外生菌根とは、樹木の根と菌類の菌糸が共生関係を築き、樹木の根の表面を菌糸が厚く覆って形成される特殊な根の構造のことを示します。この共生関係により、樹木は土壌中の水分や無機養分の吸収能力を大幅に向上させることができます。

外生菌根を形成する菌類には、マツタケやトリュフなどの食用キノコを含む担子菌類や子嚢菌類が多く含まれており、これらの菌類は宿主となる樹木から光合成産物を得て生存しています。樹木は菌類との共生により、通常の10倍以上の表面積で養分を吸収できるようになります。

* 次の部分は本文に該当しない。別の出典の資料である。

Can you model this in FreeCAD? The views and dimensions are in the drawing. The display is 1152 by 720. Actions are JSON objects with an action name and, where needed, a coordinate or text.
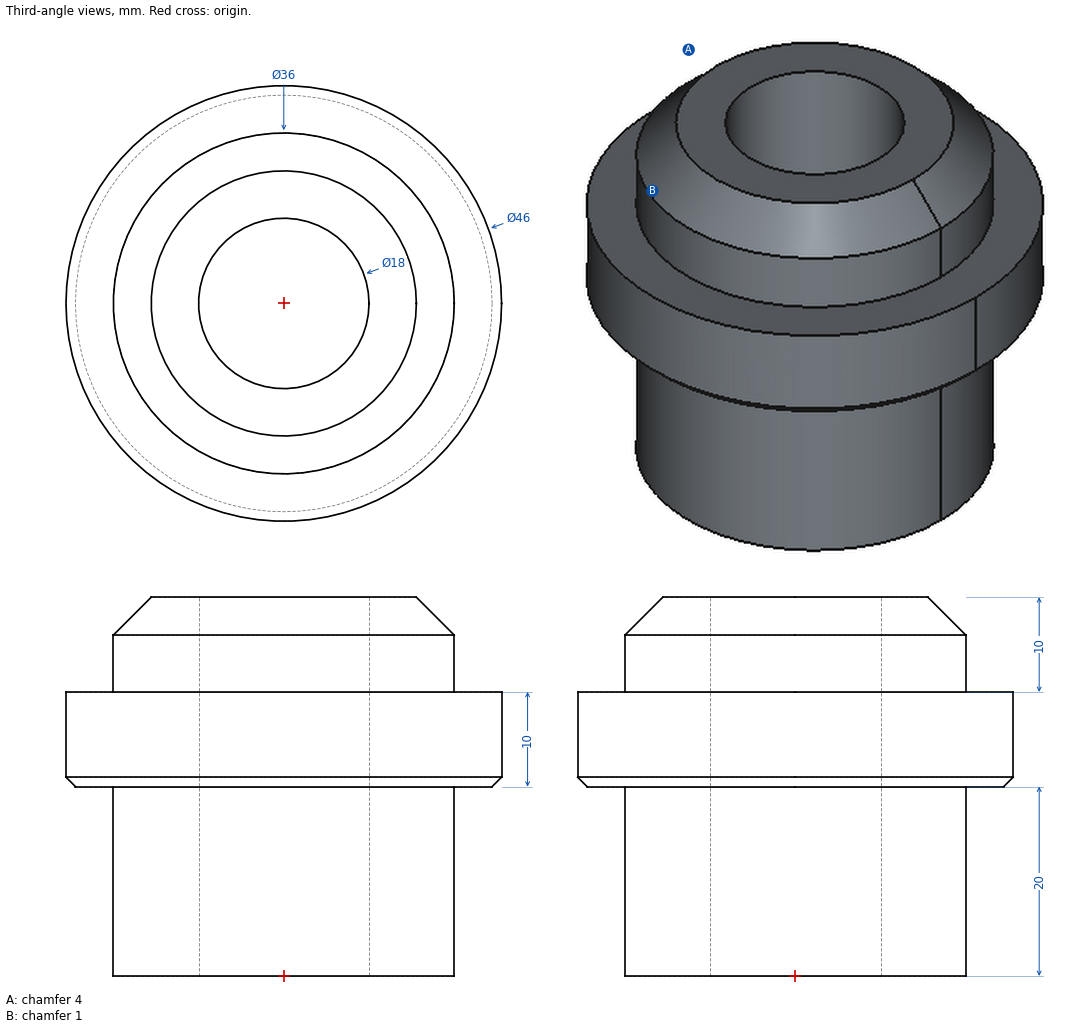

外生菌根は主に温帯から寒帯に生育する針葉樹や広葉樹に見られ、マツ科やブナ科、カバノキ科などの樹木で特に発達した共生関係を形成しています。熱帯雨林の樹木では、外生菌根よりもアーバスキュラー菌根が優占的に形成されることが特徴です。

外生菌根を形成する菌類は、宿主となる樹木の根の表皮細胞間に菌糸を伸ばしてハーティグネットと呼ばれる構造を作り、養分のやり取りを行っています。この構造により、菌類は樹木から糖類を受け取り、樹木は菌類から無機養分を得る関係が成立しています。

外生菌根の形成により、樹木は土壌中のリンや窒素などの必須栄養素を効率的に吸収できるようになり、乾燥や病原菌に対する抵抗性も向上させることができます。森林生態系において、外生菌根は樹木の生育を支える重要な役割を果たしているのです。

外生菌根の生態系における機能

外生菌根の生態系における機能に関して、以下を簡単に解説していきます。

  1. 森林の物質循環への貢献
  2. 樹木の生長促進メカニズム
  3. 菌根ネットワークの形成過程

森林の物質循環への貢献

外生菌根は、森林生態系における炭素や窒素などの物質循環において中心的な役割を担っており、土壌中の有機物を分解して無機養分を樹木に供給しています。菌類の持つ強力な分解酵素により、一般的な根では利用できない形態の養分も効率的に吸収することが可能です。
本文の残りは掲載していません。